Now, often what we generate is something in between, we are generating
a bit more than a research report, but we don't feel we are "finished"
enough to drop the research information from the main report.
On Sun, 19 Dec 2010 12:25:28 -0800, Rick Van Dusen
>Yes, and let's not get muddy in our logic and confuse "drawing
>conclusions" with "source is not accurate".
>If a document says "x", a good researcher will report, "Document says
>'x'." If the researcher knows that other documents say "y", s/he needs
>to also record that. So far, we have no conclusions being inserted.
>This is where I have a problem with some tag types and other methods of
>recording that people have reported using.

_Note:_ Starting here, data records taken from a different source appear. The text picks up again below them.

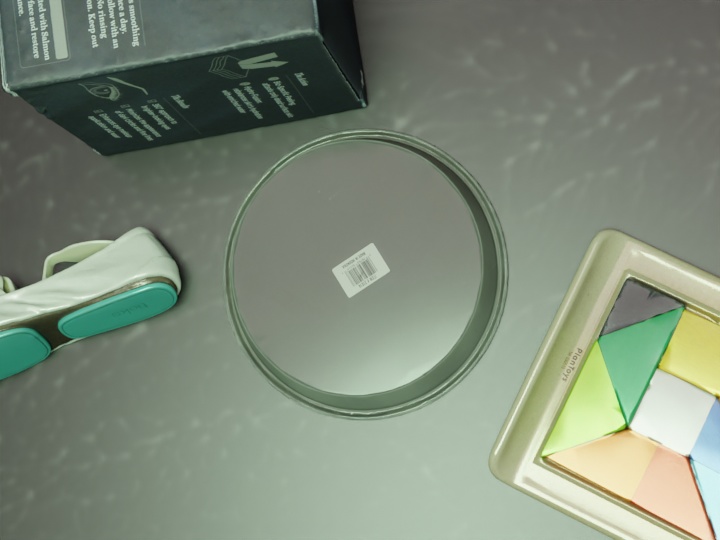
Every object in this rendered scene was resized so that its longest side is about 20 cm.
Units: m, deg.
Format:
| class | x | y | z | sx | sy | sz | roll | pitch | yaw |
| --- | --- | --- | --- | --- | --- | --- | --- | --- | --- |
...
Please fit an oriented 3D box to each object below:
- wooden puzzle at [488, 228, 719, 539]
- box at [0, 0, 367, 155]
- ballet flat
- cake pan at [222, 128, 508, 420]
| class | x | y | z | sx | sy | sz | roll | pitch | yaw |
| --- | --- | --- | --- | --- | --- | --- | --- | --- | --- |
| wooden puzzle | 0.208 | 0.093 | 1.095 | 0.199 | 0.037 | 0.186 | 26 | 87 | 10 |
| box | -0.111 | -0.164 | 1.091 | 0.198 | 0.197 | 0.118 | -9 | 81 | 7 |
| ballet flat | -0.221 | 0.025 | 1.159 | 0.199 | 0.069 | 0.070 | -21 | 81 | 1 |
| cake pan | 0.000 | 0.000 | 1.136 | 0.199 | 0.037 | 0.202 | -1 | 83 | 8 |
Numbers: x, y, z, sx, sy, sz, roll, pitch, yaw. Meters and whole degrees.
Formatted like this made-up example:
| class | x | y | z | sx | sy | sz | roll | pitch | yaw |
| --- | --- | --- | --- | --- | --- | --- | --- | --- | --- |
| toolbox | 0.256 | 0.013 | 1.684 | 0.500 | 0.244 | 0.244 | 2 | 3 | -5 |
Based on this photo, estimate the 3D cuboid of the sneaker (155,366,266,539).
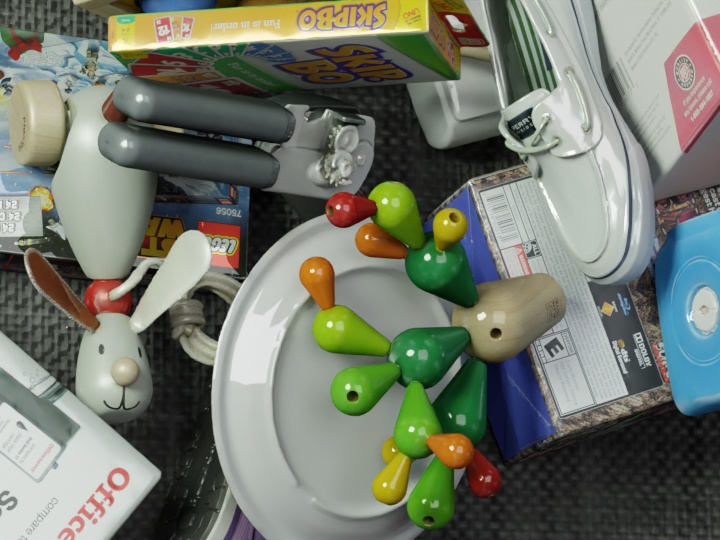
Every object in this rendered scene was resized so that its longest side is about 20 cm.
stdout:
| class | x | y | z | sx | sy | sz | roll | pitch | yaw |
| --- | --- | --- | --- | --- | --- | --- | --- | --- | --- |
| sneaker | -0.045 | 0.095 | 1.650 | 0.087 | 0.076 | 0.200 | 33 | 67 | -28 |

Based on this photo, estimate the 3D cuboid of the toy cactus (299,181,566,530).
| class | x | y | z | sx | sy | sz | roll | pitch | yaw |
| --- | --- | --- | --- | --- | --- | --- | --- | --- | --- |
| toy cactus | 0.052 | 0.037 | 1.565 | 0.165 | 0.102 | 0.201 | -23 | 102 | -39 |

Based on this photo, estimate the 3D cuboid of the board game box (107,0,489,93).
| class | x | y | z | sx | sy | sz | roll | pitch | yaw |
| --- | --- | --- | --- | --- | --- | --- | --- | --- | --- |
| board game box | -0.032 | -0.125 | 1.599 | 0.199 | 0.096 | 0.030 | -5 | 77 | 12 |

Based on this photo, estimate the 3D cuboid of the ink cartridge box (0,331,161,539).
| class | x | y | z | sx | sy | sz | roll | pitch | yaw |
| --- | --- | --- | --- | --- | --- | --- | --- | --- | --- |
| ink cartridge box | -0.231 | 0.107 | 1.569 | 0.200 | 0.083 | 0.147 | 41 | 69 | -4 |

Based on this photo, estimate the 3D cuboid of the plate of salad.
| class | x | y | z | sx | sy | sz | roll | pitch | yaw |
| --- | --- | --- | --- | --- | --- | --- | --- | --- | --- |
| plate of salad | -0.010 | 0.066 | 1.603 | 0.200 | 0.048 | 0.201 | -4 | 95 | -41 |

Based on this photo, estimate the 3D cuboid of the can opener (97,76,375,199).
| class | x | y | z | sx | sy | sz | roll | pitch | yaw |
| --- | --- | --- | --- | --- | --- | --- | --- | --- | --- |
| can opener | -0.067 | -0.073 | 1.581 | 0.200 | 0.066 | 0.053 | 4 | 108 | -49 |

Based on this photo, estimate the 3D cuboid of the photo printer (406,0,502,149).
| class | x | y | z | sx | sy | sz | roll | pitch | yaw |
| --- | --- | --- | --- | --- | --- | --- | --- | --- | --- |
| photo printer | 0.113 | -0.175 | 1.760 | 0.199 | 0.069 | 0.167 | -15 | 81 | -20 |

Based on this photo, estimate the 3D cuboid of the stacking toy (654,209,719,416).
| class | x | y | z | sx | sy | sz | roll | pitch | yaw |
| --- | --- | --- | --- | --- | --- | --- | --- | --- | --- |
| stacking toy | 0.277 | 0.020 | 1.649 | 0.199 | 0.116 | 0.110 | -1 | 79 | -30 |

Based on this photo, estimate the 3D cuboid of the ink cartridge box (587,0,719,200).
| class | x | y | z | sx | sy | sz | roll | pitch | yaw |
| --- | --- | --- | --- | --- | --- | --- | --- | --- | --- |
| ink cartridge box | 0.180 | -0.163 | 1.644 | 0.083 | 0.147 | 0.200 | -14 | 70 | -22 |

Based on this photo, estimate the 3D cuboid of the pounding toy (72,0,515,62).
| class | x | y | z | sx | sy | sz | roll | pitch | yaw |
| --- | --- | --- | --- | --- | --- | --- | --- | --- | --- |
| pounding toy | -0.041 | -0.182 | 1.640 | 0.184 | 0.200 | 0.143 | -15 | 75 | 24 |

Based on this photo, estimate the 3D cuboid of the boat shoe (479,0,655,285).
| class | x | y | z | sx | sy | sz | roll | pitch | yaw |
| --- | --- | --- | --- | --- | --- | --- | --- | --- | --- |
| boat shoe | 0.107 | -0.085 | 1.624 | 0.067 | 0.074 | 0.201 | 2 | 63 | -41 |

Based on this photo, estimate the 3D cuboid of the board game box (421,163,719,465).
| class | x | y | z | sx | sy | sz | roll | pitch | yaw |
| --- | --- | --- | --- | --- | --- | --- | --- | --- | --- |
| board game box | 0.162 | 0.007 | 1.712 | 0.199 | 0.097 | 0.160 | -16 | 81 | -21 |

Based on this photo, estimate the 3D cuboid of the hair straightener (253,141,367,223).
| class | x | y | z | sx | sy | sz | roll | pitch | yaw |
| --- | --- | --- | --- | --- | --- | --- | --- | --- | --- |
| hair straightener | 0.000 | 0.000 | 1.675 | 0.041 | 0.077 | 0.200 | -29 | 98 | 13 |

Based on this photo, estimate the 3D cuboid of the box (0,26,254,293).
| class | x | y | z | sx | sy | sz | roll | pitch | yaw |
| --- | --- | --- | --- | --- | --- | --- | --- | --- | --- |
| box | -0.163 | -0.065 | 1.660 | 0.199 | 0.040 | 0.137 | 7 | 73 | -16 |

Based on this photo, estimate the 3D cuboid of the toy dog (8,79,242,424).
| class | x | y | z | sx | sy | sz | roll | pitch | yaw |
| --- | --- | --- | --- | --- | --- | --- | --- | --- | --- |
| toy dog | -0.133 | -0.026 | 1.586 | 0.132 | 0.096 | 0.200 | -24 | 84 | -21 |
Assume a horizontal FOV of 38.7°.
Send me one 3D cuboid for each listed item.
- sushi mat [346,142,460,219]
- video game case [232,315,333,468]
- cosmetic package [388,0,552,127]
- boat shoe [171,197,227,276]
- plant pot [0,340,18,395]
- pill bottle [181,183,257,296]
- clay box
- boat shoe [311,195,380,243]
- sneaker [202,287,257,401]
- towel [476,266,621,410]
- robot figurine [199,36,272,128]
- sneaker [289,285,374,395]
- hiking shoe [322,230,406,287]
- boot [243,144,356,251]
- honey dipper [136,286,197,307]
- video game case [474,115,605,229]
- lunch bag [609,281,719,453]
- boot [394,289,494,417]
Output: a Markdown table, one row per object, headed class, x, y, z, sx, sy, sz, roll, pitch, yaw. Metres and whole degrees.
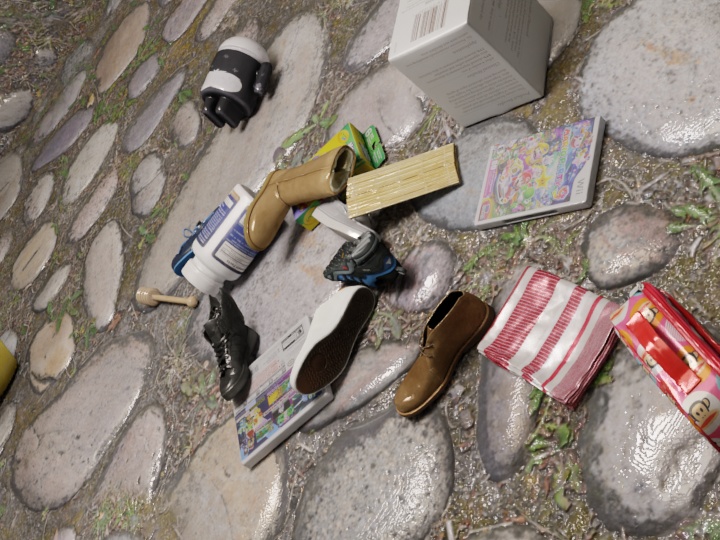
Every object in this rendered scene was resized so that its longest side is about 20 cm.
| class | x | y | z | sx | sy | sz | roll | pitch | yaw |
| --- | --- | --- | --- | --- | --- | --- | --- | --- | --- |
| sushi mat | 0.068 | -0.146 | 1.680 | 0.197 | 0.012 | 0.097 | -17 | 48 | 18 |
| video game case | -0.135 | 0.199 | 1.696 | 0.199 | 0.023 | 0.184 | -41 | 39 | 19 |
| cosmetic package | 0.175 | -0.365 | 1.612 | 0.166 | 0.199 | 0.169 | -16 | 52 | 41 |
| boat shoe | -0.300 | -0.069 | 2.051 | 0.199 | 0.084 | 0.069 | -39 | 57 | 1 |
| plant pot | -0.910 | 0.227 | 2.460 | 0.141 | 0.202 | 0.199 | -37 | 32 | -18 |
| pill bottle | -0.248 | -0.054 | 1.943 | 0.201 | 0.110 | 0.111 | -52 | 36 | 6 |
| clay box | -0.047 | -0.179 | 1.859 | 0.200 | 0.047 | 0.116 | -43 | 39 | 21 |
| boat shoe | -0.013 | -0.086 | 1.741 | 0.069 | 0.072 | 0.200 | -56 | 27 | -1 |
| sneaker | -0.237 | 0.126 | 1.778 | 0.060 | 0.104 | 0.201 | -34 | 26 | 30 |
| towel | 0.247 | 0.080 | 1.342 | 0.145 | 0.023 | 0.199 | -57 | 36 | -2 |
| robot figurine | -0.273 | -0.411 | 2.238 | 0.125 | 0.148 | 0.203 | 115 | 174 | -71 |
| sneaker | -0.055 | 0.111 | 1.631 | 0.084 | 0.073 | 0.201 | 3 | 52 | 55 |
| hiking shoe | 0.000 | 0.000 | 1.646 | 0.075 | 0.086 | 0.200 | -53 | 11 | -15 |
| boot | -0.110 | -0.128 | 1.799 | 0.198 | 0.066 | 0.178 | -10 | 56 | 46 |
| honey dipper | -0.394 | 0.056 | 2.093 | 0.198 | 0.038 | 0.038 | 3 | 65 | 48 |
| video game case | 0.260 | -0.141 | 1.498 | 0.198 | 0.018 | 0.145 | -11 | 55 | 45 |
| lunch bag | 0.347 | 0.105 | 1.076 | 0.082 | 0.175 | 0.201 | -46 | 38 | 13 |
| boot | 0.100 | 0.114 | 1.444 | 0.201 | 0.075 | 0.074 | -54 | 38 | 5 |
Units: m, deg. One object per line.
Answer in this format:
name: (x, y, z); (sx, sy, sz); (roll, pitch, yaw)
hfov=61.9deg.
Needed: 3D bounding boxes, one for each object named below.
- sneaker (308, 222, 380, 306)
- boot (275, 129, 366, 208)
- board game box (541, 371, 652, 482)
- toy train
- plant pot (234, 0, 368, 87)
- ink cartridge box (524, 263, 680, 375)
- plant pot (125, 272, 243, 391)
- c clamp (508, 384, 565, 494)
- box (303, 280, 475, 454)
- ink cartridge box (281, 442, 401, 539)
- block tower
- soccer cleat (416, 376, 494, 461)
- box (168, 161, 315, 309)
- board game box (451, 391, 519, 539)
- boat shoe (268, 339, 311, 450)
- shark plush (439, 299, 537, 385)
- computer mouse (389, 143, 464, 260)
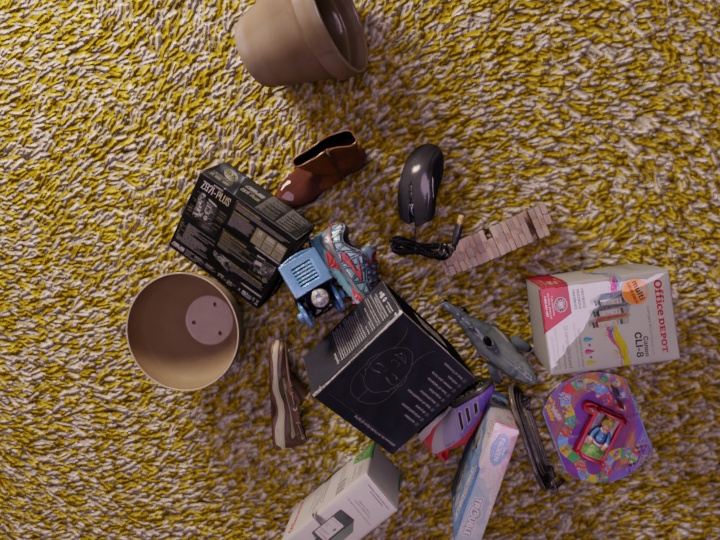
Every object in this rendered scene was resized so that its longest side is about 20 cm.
sneaker: (0.000, 0.000, 1.058); (0.095, 0.079, 0.200); (-40, 89, 6)
boot: (-0.078, -0.159, 0.992); (0.187, 0.200, 0.069); (-20, 92, 8)
board game box: (0.416, 0.281, 1.048); (0.157, 0.039, 0.201); (-21, 91, 8)
toy train: (-0.082, 0.031, 1.011); (0.086, 0.200, 0.115); (-29, 87, -7)
plant pot: (-0.106, -0.393, 0.999); (0.173, 0.200, 0.201); (-17, 92, 25)
ink cartridge box: (0.389, 0.075, 0.984); (0.199, 0.145, 0.146); (-9, 93, 6)
plant pot: (-0.293, 0.098, 1.071); (0.199, 0.134, 0.202); (1, 95, 6)
c clamp: (0.295, 0.289, 1.023); (0.027, 0.171, 0.201); (-21, 80, 23)
box: (0.046, 0.164, 1.007); (0.197, 0.124, 0.200); (-45, 116, 6)
ink cartridge box: (-0.030, 0.418, 1.060); (0.200, 0.146, 0.084); (-41, 90, 9)
block tower: (0.230, -0.051, 1.038); (0.199, 0.058, 0.054); (-24, 91, 9)
soccer cleat: (0.175, 0.255, 1.028); (0.073, 0.068, 0.200); (49, 128, 14)
box: (-0.208, -0.062, 1.049); (0.199, 0.086, 0.164); (34, 118, 3)
board game box: (0.201, 0.319, 0.997); (0.043, 0.199, 0.201); (18, 96, 5)
boat shoe: (-0.128, 0.225, 1.101); (0.074, 0.075, 0.204); (-3, 100, -7)
shark plush: (0.227, 0.115, 1.036); (0.091, 0.083, 0.200); (-37, 90, 8)
computer mouse: (0.115, -0.116, 1.018); (0.140, 0.046, 0.201); (17, 96, 38)
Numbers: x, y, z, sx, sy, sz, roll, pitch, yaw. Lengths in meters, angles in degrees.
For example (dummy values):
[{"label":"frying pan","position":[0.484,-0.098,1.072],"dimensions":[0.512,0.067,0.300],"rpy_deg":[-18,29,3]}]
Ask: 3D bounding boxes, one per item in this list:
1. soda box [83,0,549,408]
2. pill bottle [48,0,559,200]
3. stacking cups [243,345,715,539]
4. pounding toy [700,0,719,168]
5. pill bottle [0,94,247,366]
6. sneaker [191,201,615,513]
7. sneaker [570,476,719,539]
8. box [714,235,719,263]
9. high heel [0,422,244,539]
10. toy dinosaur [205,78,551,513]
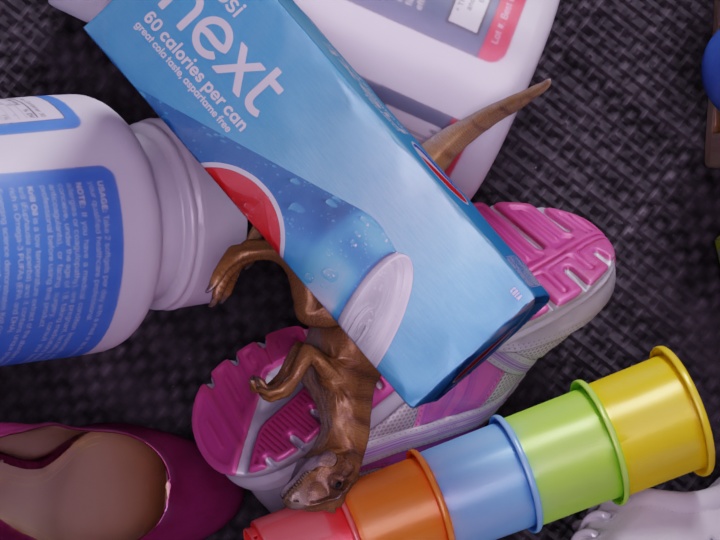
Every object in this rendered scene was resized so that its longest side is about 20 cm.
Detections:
[{"label":"soda box","position":[-0.016,-0.042,1.180],"dimensions":[0.068,0.064,0.200],"rpy_deg":[-42,83,7]},{"label":"pill bottle","position":[-0.025,-0.116,1.279],"dimensions":[0.199,0.120,0.120],"rpy_deg":[24,89,-5]},{"label":"stacking cups","position":[0.051,0.096,1.262],"dimensions":[0.199,0.060,0.061],"rpy_deg":[-22,93,-12]},{"label":"pounding toy","position":[0.199,-0.135,1.258],"dimensions":[0.141,0.200,0.185],"rpy_deg":[4,91,-5]},{"label":"pill bottle","position":[-0.152,-0.015,1.247],"dimensions":[0.199,0.112,0.113],"rpy_deg":[-6,92,-31]},{"label":"sneaker","position":[0.026,0.045,1.307],"dimensions":[0.199,0.081,0.088],"rpy_deg":[-30,137,-3]},{"label":"sneaker","position":[0.111,0.135,1.296],"dimensions":[0.199,0.073,0.071],"rpy_deg":[-14,66,-40]},{"label":"box","position":[0.270,0.020,1.343],"dimensions":[0.199,0.048,0.123],"rpy_deg":[-12,93,-5]},{"label":"high heel","position":[-0.118,0.094,1.254],"dimensions":[0.199,0.096,0.068],"rpy_deg":[-2,84,-35]},{"label":"toy dinosaur","position":[0.000,0.000,1.241],"dimensions":[0.106,0.060,0.201],"rpy_deg":[20,93,12]}]

I'm not at all sure that, if
>we dutifully report what the source says, we need tag types that say
>"can't be that way".
>(Before anyone who uses such tags takes offense, let me disclaim that I
>CAN see the value of these tag types in the research process: The "ain't
>possible" tag can be helpful to the researcher for keeping issue "out
>where it can be seen", for one's own personal use.)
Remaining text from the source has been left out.